Dê um click na imagem e veja detalhes do livro no site www.CooperativadeTrabalho.com


Solidão a Mil — 400 páginas — mostra aspectos da biografia do autor, dos anos 1995 a 2010, período em que morou no Guarujá, bem como ensaios poéticos sobre amor e liberdade. O primeiro capítulo pode ser lido AQUI. O volume 002, que contempla os acontecimentos posteriores a 2010, além de ensaios filosóficos mais recentes, será lançado em Abril de 2017.


O livro Mude foi editado pela Pandabooks, tem 96 páginas ilustradas e prefácio escrito por Antonio Abujamra. Contém o poema Mude — que já foi texto de um Comercial da Fiat, feito pela agência Leo Burnett. Também já foi gravado por Pedro Bial na faixa 4 do CD Filtro Solar, lançado em 2003.
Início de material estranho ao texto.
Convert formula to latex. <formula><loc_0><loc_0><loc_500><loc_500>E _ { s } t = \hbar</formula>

Este livro foi originalmente publicado em 1998, pela Editora Filosoft, com 160 páginas, com o título de Manual da Separação. Era o primeiro blog de papel lançado no Brasil. Foi lançado na Rádio CBN, no programa do Miguel Dias, com o inesquecível apoio do Heródoto Barbeiro. Nesta reedição, mantivemos o que antes havia, e acrescentamos 90 páginas de textos mais recentes, quase sempre provindos do meu blog Mude, e retornamos o título para Beijos no Céu da Boca. Mas, é preciso, antes de tudo, fazer uma importante ressalva: se você é uma pessoa ciumenta, poderá não gostar deste livro. Melhor nem comprar. Contudo, se algum ciumento anda te oprimindo, ou te aporrinhando, eu sugiro que você compre um exemplar e lhe faça um duplo presente: ele ficará mais saudável, e certamente mais interessante. E você até poderá tê-lo de volta ao círculo dos teus amores — e ao rol dos seres humanos.
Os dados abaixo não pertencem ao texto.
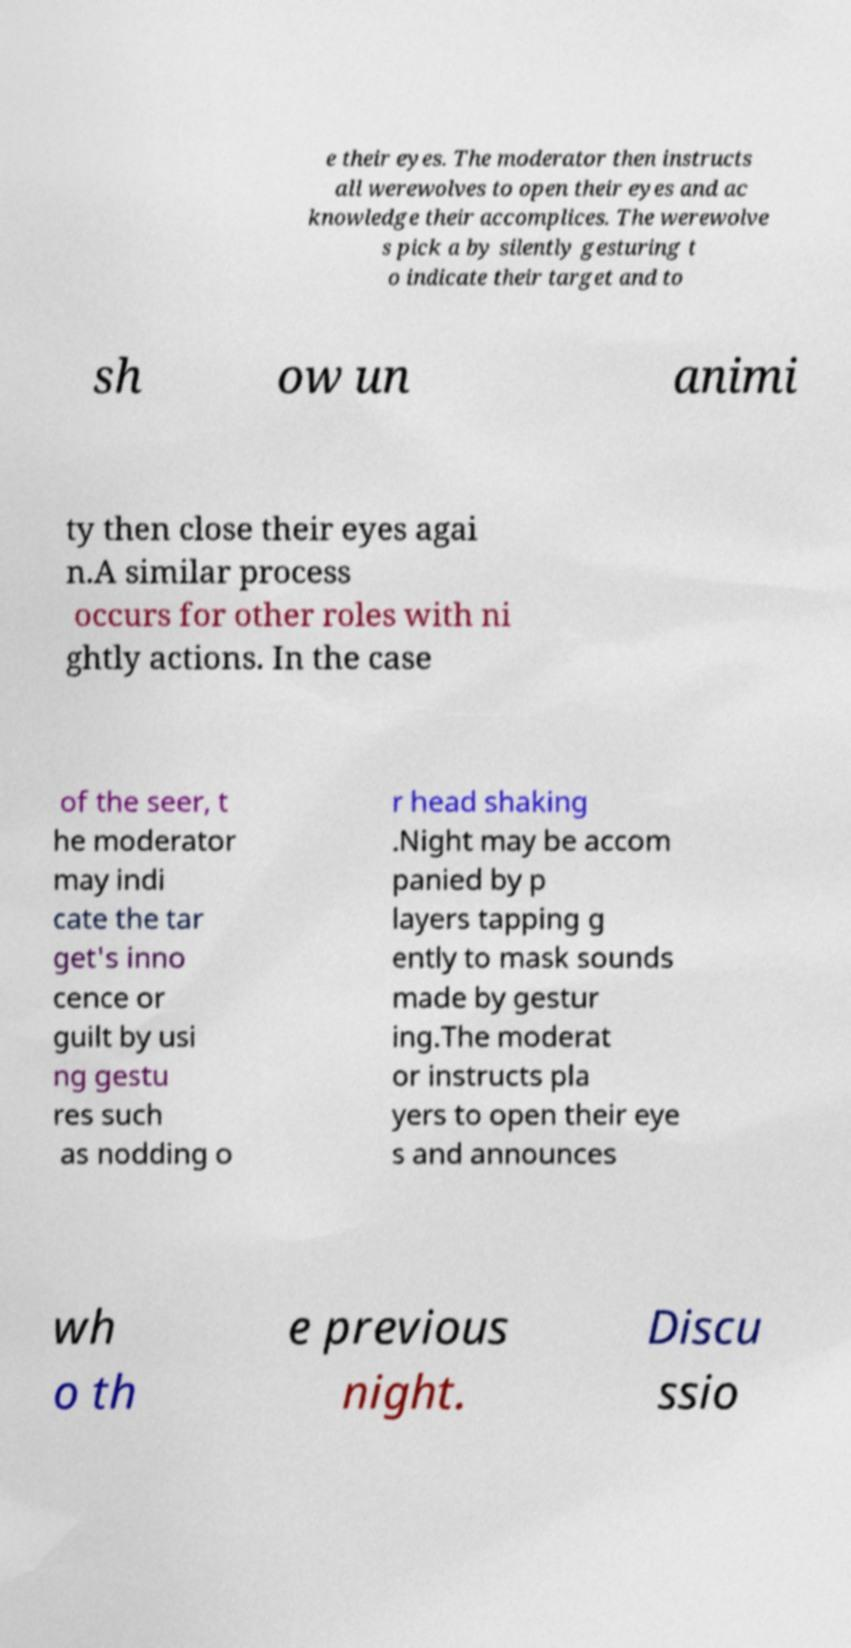Can you accurately transcribe the text from the provided image for me? e their eyes. The moderator then instructs all werewolves to open their eyes and ac knowledge their accomplices. The werewolve s pick a by silently gesturing t o indicate their target and to sh ow un animi ty then close their eyes agai n.A similar process occurs for other roles with ni ghtly actions. In the case of the seer, t he moderator may indi cate the tar get's inno cence or guilt by usi ng gestu res such as nodding o r head shaking .Night may be accom panied by p layers tapping g ently to mask sounds made by gestur ing.The moderat or instructs pla yers to open their eye s and announces wh o th e previous night. Discu ssio

Este livro ainda está em processo de revisão, e será lançado na Primavera de 2017, na FGV - em São Paulo. O tema principal é a defesa da supremacia da experiência sobre o salário recebido num determinado emprego ou empreendimento. O funcionário que só pensa no salário será sempre um assalariado. Porém, aquele que privilegia a experiência, será certamente um empreendedor. Bom ressaltar que, para escrever este livro, fui muito influenciado por Domenico De Masi. Basicamente isso.

Algumas frases minhas contidas nele:

Os saudáveis enlouquecem. Os outros ficam por aí, parecendo normais.
O auge de uma paixão está sempre no começo dela.
Sempre danço conforme a música. Mas, antes, escrevo a partitura.
É um desperdício imperdoável ter um grande coração — e deixar nele um único amor.
As súplicas de um coitado nunca fazem com que Deus mude o curso dos acontecimentos.
Ceder uma vez só é mais difícil do que ceder nunca.
Prefiro ser um gladiador ensanguentado a ser um boi feliz.
Rebelde que depende da mesada pra comprar seu pirulito é apenas um palhaço.
O Pico é uma delícia. Por isso todo grande amor tem que ser deixado no Pico.
Só tem uma coisa pior do que morrer: — é viver pouco.
Compreender-me não é imprescindível. Interessam-me as tuas emoções.
Sempre que possível, deixo o oponente supor que me venceu.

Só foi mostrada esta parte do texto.